What you should do:
A complete answer retypes each of the records below precisely and includes none of the pictures.

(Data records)

•••

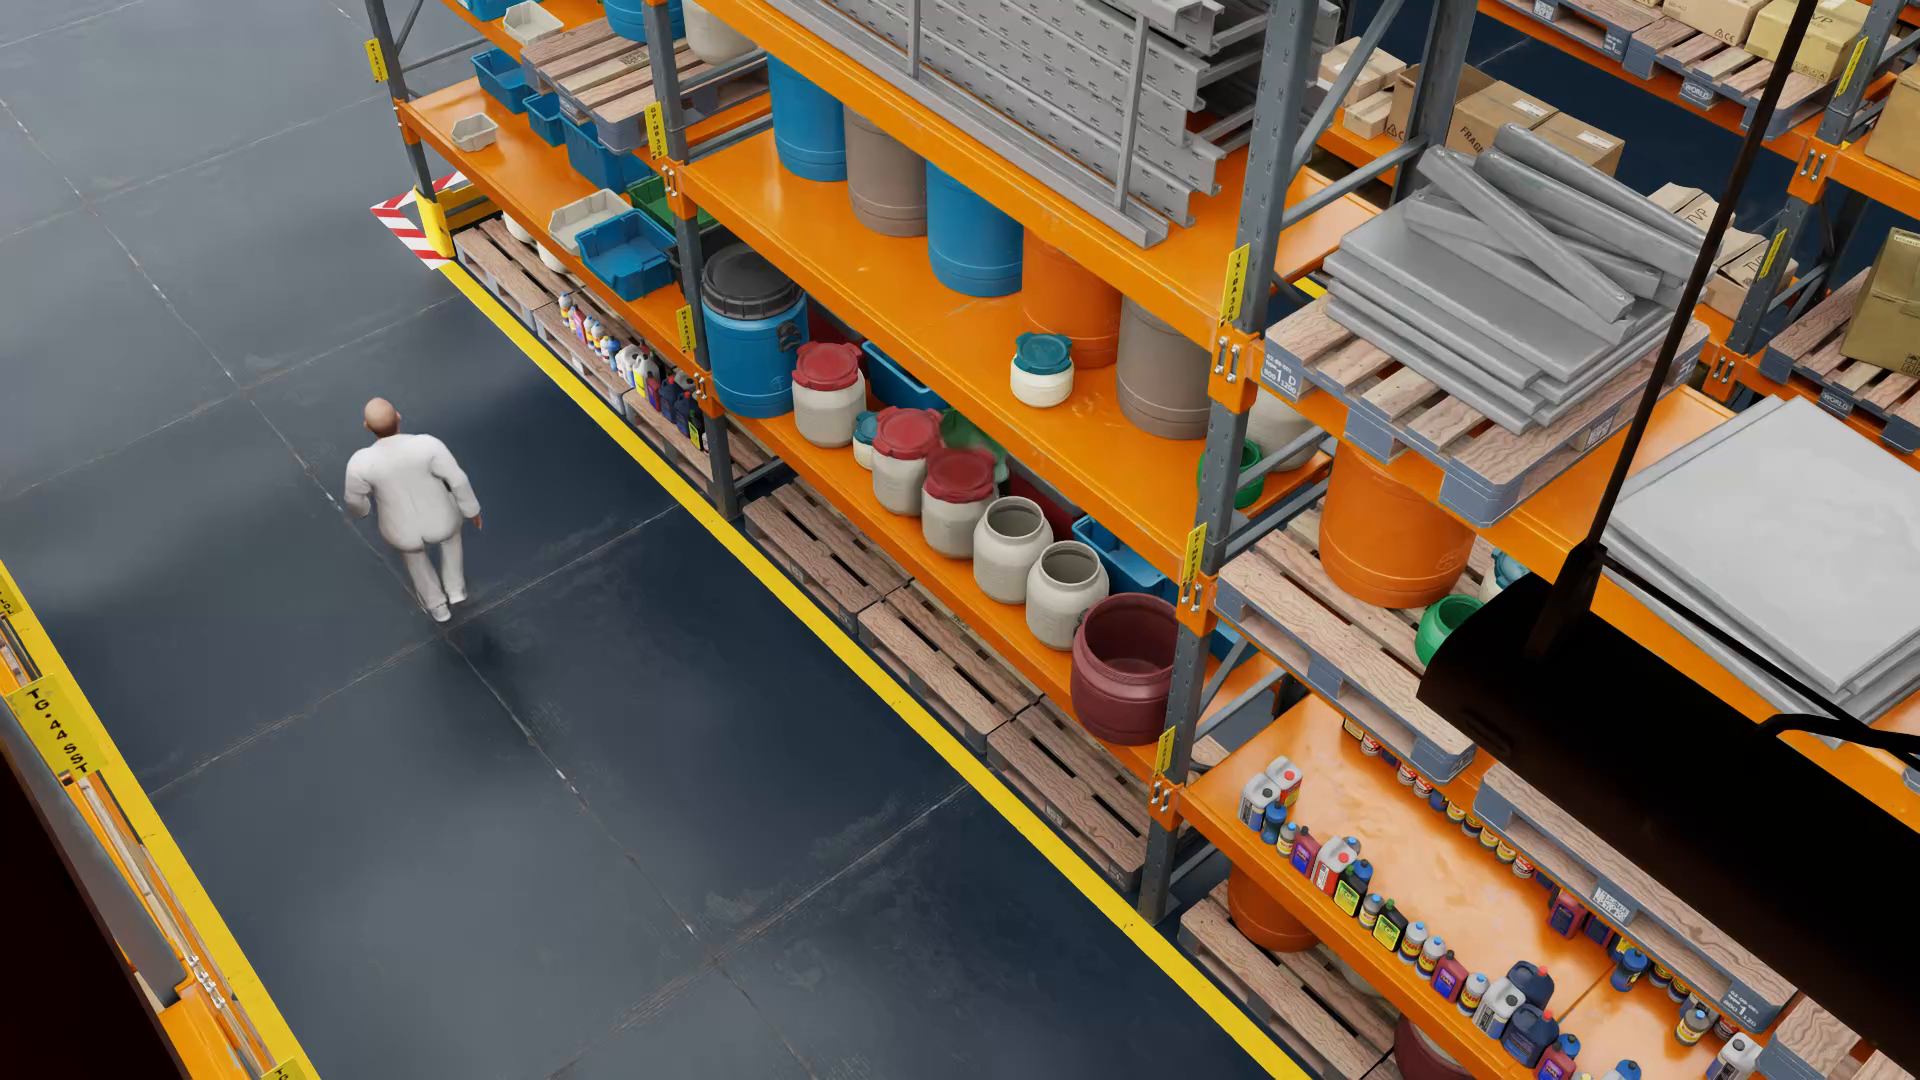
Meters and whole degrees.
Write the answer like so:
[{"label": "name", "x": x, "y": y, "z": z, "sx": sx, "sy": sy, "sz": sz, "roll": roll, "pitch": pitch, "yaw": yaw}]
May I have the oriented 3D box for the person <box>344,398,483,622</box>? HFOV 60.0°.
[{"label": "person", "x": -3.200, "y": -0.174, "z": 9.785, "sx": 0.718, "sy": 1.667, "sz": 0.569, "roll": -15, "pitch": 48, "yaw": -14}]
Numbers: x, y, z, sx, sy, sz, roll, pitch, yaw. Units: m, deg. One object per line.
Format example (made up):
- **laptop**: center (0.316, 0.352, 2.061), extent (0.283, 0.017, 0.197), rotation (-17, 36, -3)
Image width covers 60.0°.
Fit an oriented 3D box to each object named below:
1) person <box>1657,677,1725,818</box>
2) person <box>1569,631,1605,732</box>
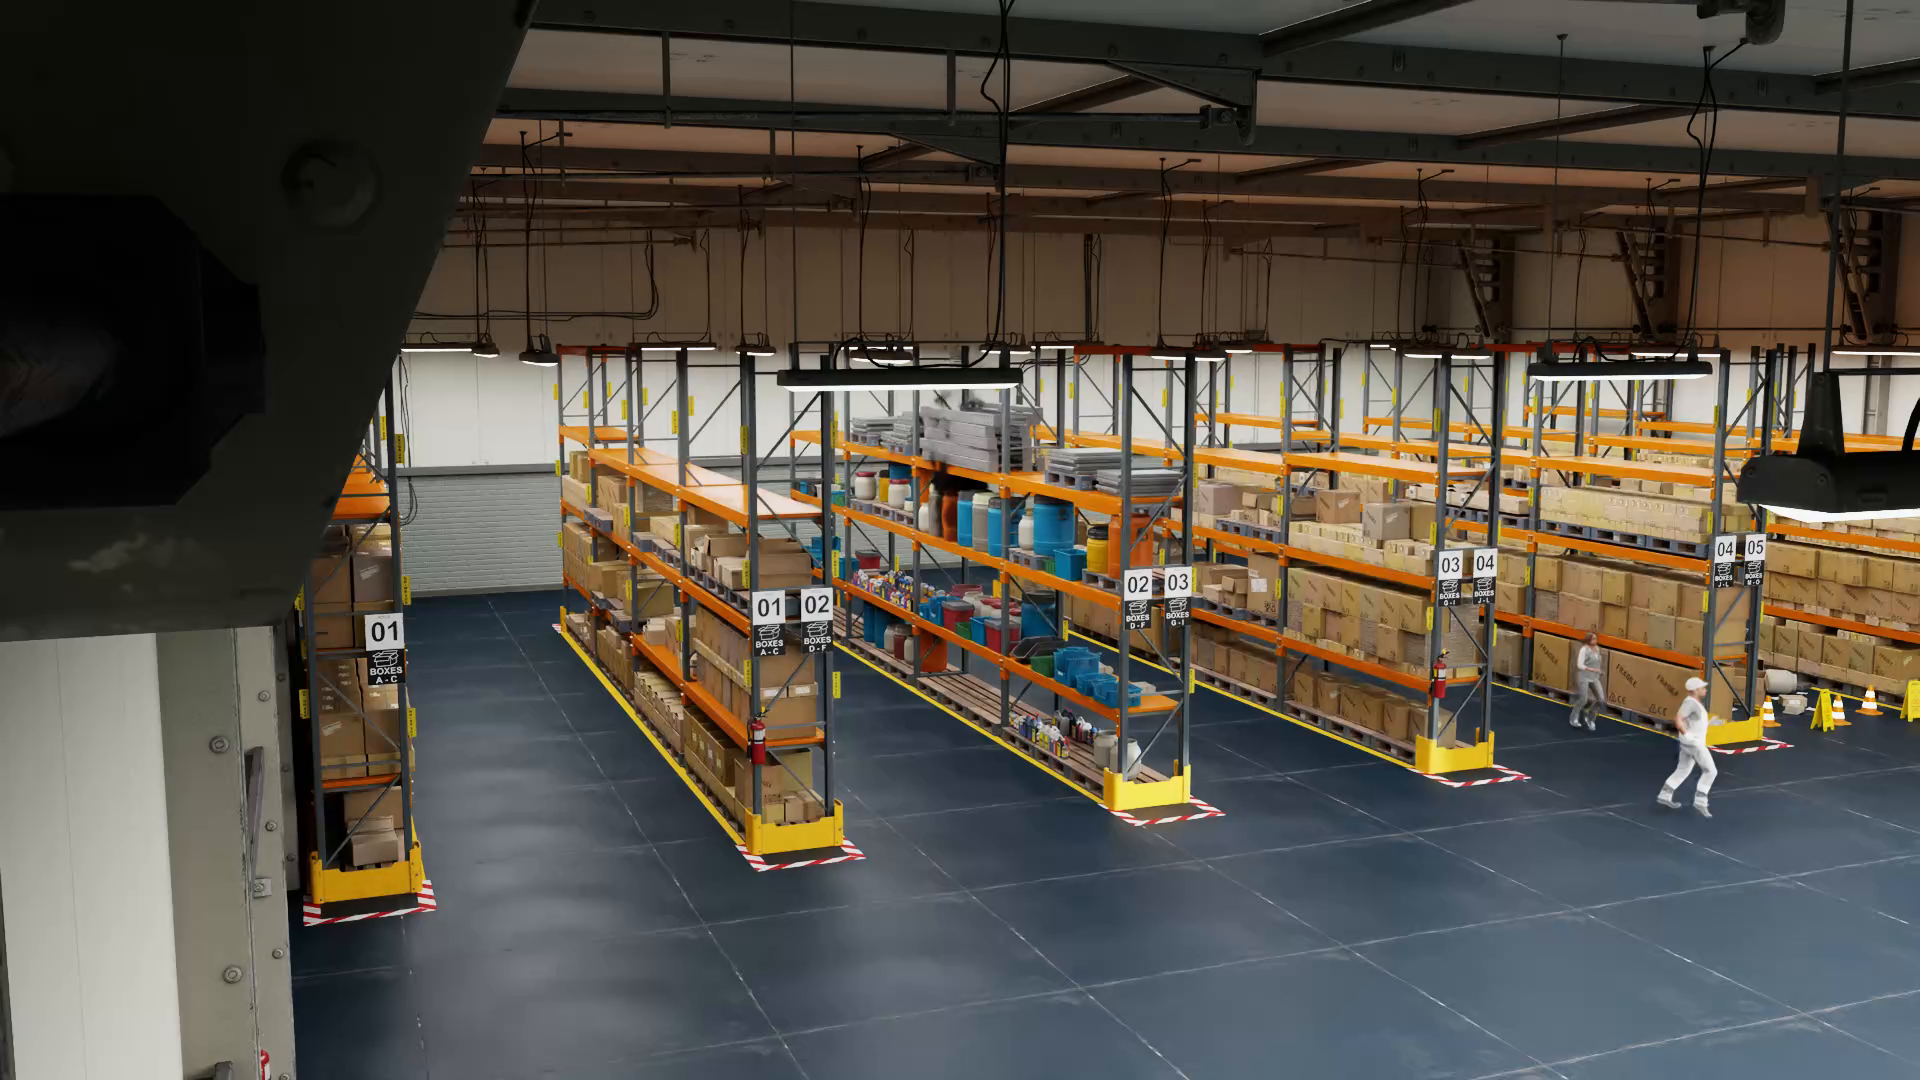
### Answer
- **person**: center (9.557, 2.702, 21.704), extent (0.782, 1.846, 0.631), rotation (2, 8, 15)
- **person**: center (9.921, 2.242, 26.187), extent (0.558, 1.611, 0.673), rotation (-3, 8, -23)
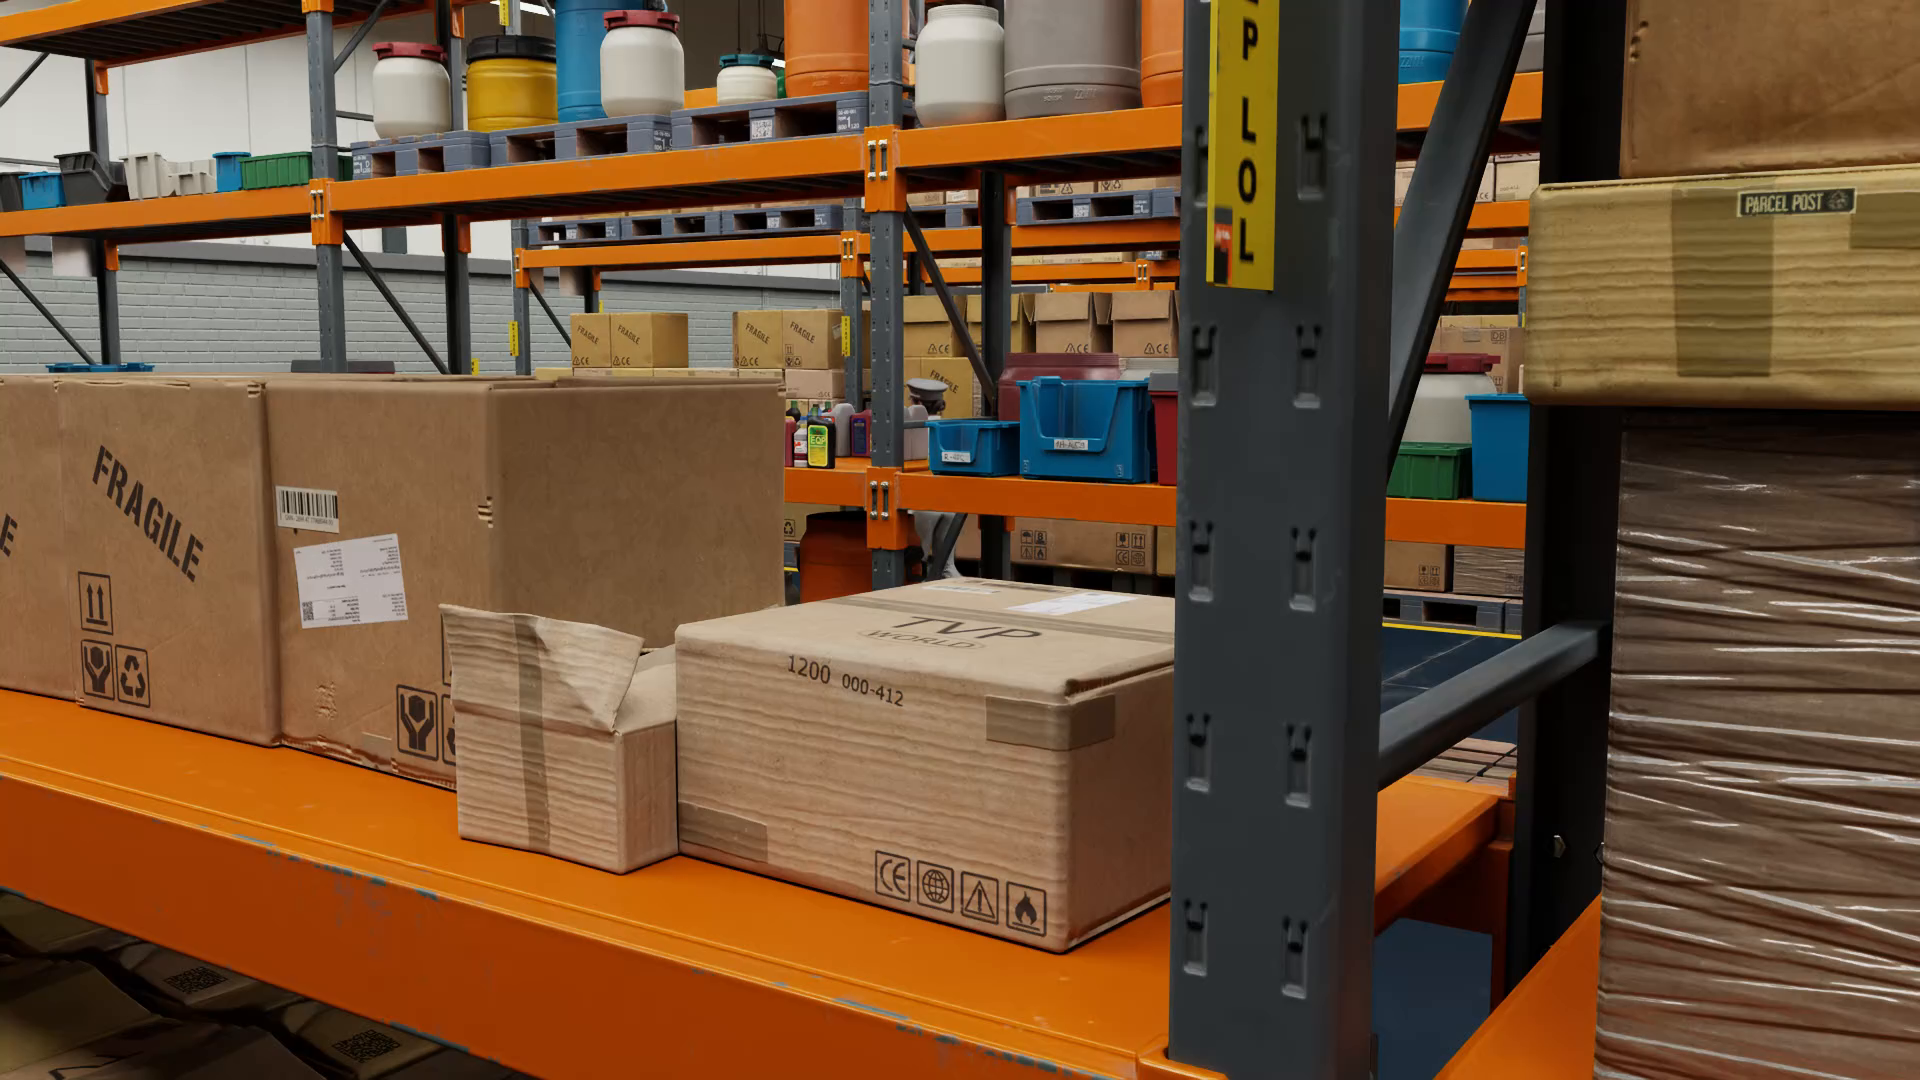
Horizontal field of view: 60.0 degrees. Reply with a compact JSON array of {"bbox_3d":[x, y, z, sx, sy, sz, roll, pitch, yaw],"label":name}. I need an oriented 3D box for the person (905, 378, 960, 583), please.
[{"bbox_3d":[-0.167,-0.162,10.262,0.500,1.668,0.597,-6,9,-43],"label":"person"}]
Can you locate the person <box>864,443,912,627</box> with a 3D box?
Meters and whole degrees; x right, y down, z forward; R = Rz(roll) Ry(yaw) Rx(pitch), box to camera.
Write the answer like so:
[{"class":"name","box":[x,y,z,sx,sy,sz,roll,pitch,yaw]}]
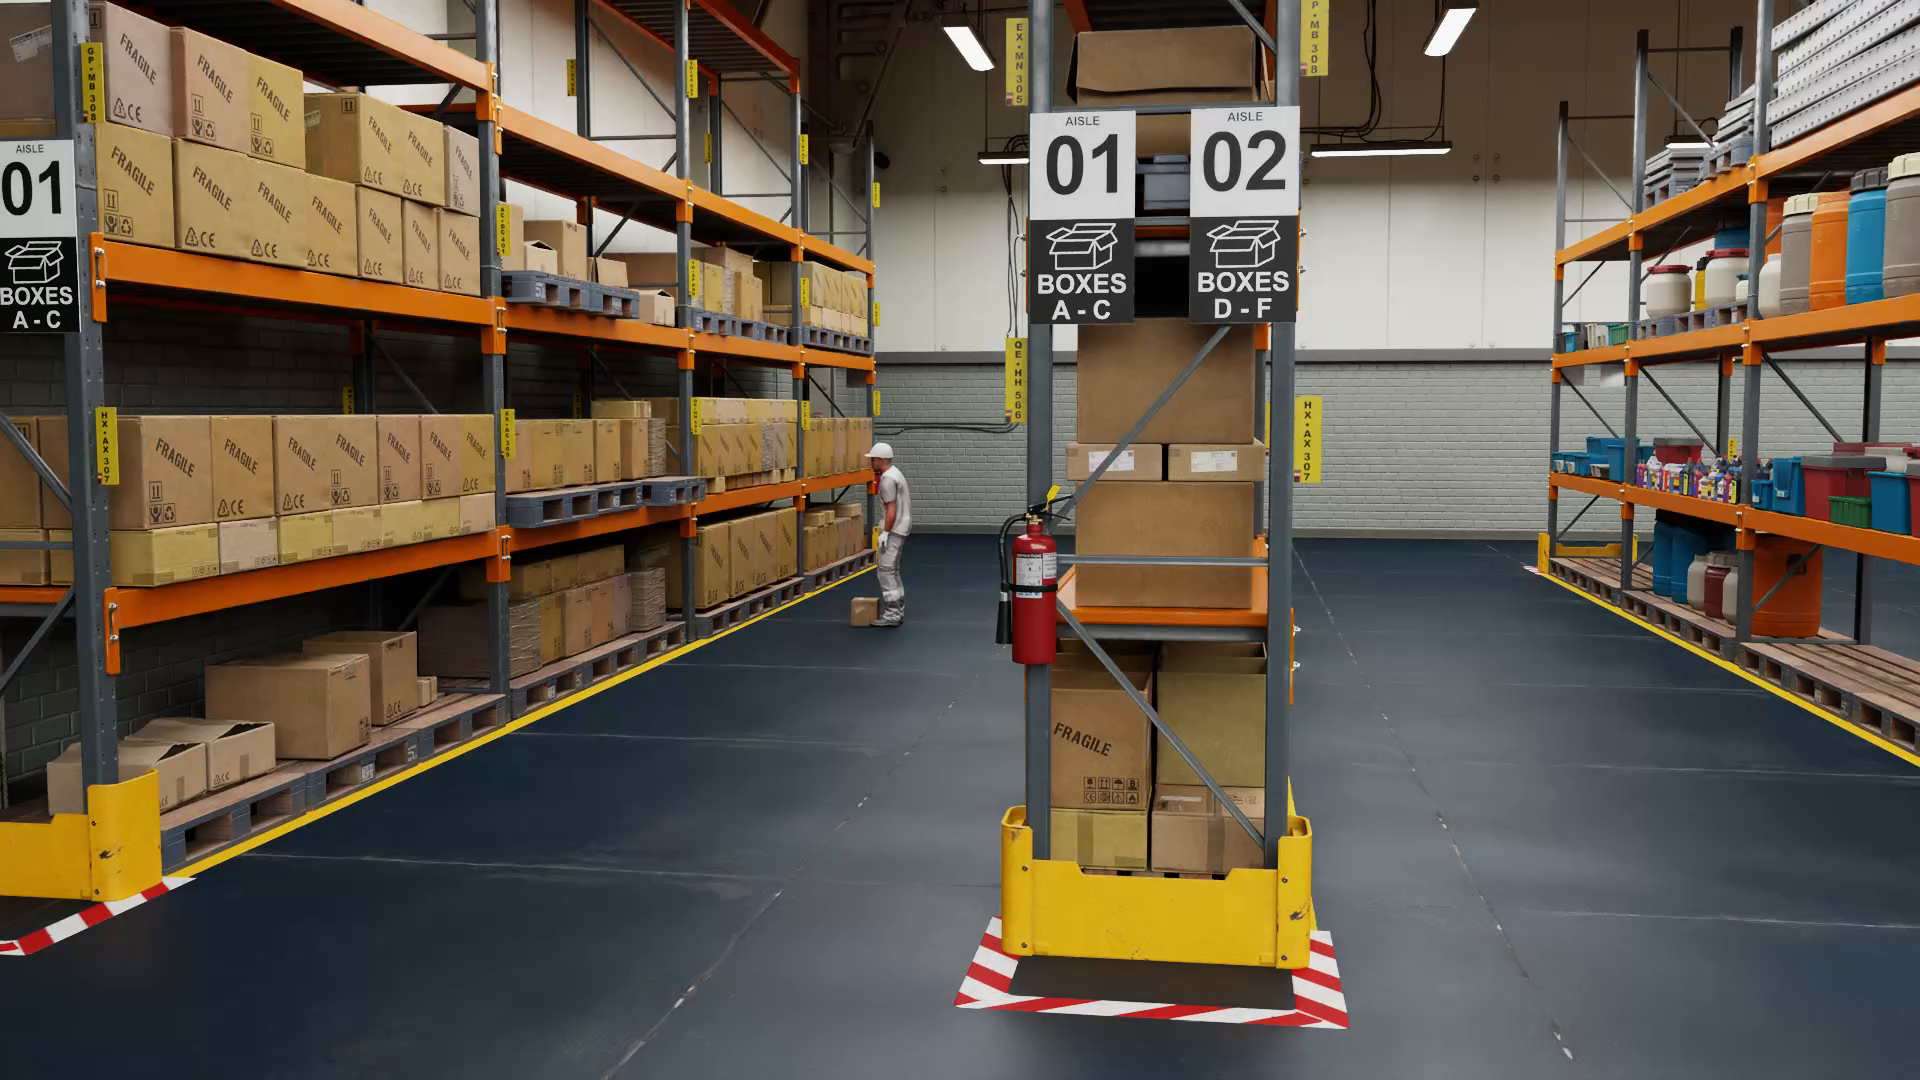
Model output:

•••

Written answer:
Meters and whole degrees.
Write the answer like so:
[{"label": "name", "x": x, "y": y, "z": z, "sx": sx, "sy": sy, "sz": sz, "roll": roll, "pitch": pitch, "yaw": yaw}]
May I have the oriented 3D box for the person <box>344,398,483,622</box>? HFOV 60.0°.
[{"label": "person", "x": -3.200, "y": -0.174, "z": 9.785, "sx": 0.718, "sy": 1.667, "sz": 0.569, "roll": -15, "pitch": 48, "yaw": -14}]
Numbers: x, y, z, sx, sy, sz, roll, pitch, yaw. Units: m, deg. One object per line.
Format example (made up):
- **laptop**: center (0.316, 0.352, 2.061), extent (0.283, 0.017, 0.197), rotation (-17, 36, -3)
Image width covers 60.0°.
Fit an oriented 3D box to each object named below:
1) person <box>1657,677,1725,818</box>
2) person <box>1569,631,1605,732</box>
### Answer
- **person**: center (9.557, 2.702, 21.704), extent (0.782, 1.846, 0.631), rotation (2, 8, 15)
- **person**: center (9.921, 2.242, 26.187), extent (0.558, 1.611, 0.673), rotation (-3, 8, -23)
Horizontal field of view: 60.0 degrees. Reply with a compact JSON array of {"bbox_3d":[x, y, z, sx, sy, sz, roll, pitch, yaw],"label":name}. I need an oriented 3D box for the person (905, 378, 960, 583), please.
[{"bbox_3d":[-0.167,-0.162,10.262,0.500,1.668,0.597,-6,9,-43],"label":"person"}]
Can you locate the person <box>864,443,912,627</box> with a 3D box?
Meters and whole degrees; x right, y down, z forward; R = Rz(roll) Ry(yaw) Rx(pitch), box to camera.
Write the answer like so:
[{"class":"name","box":[x,y,z,sx,sy,sz,roll,pitch,yaw]}]
Model output:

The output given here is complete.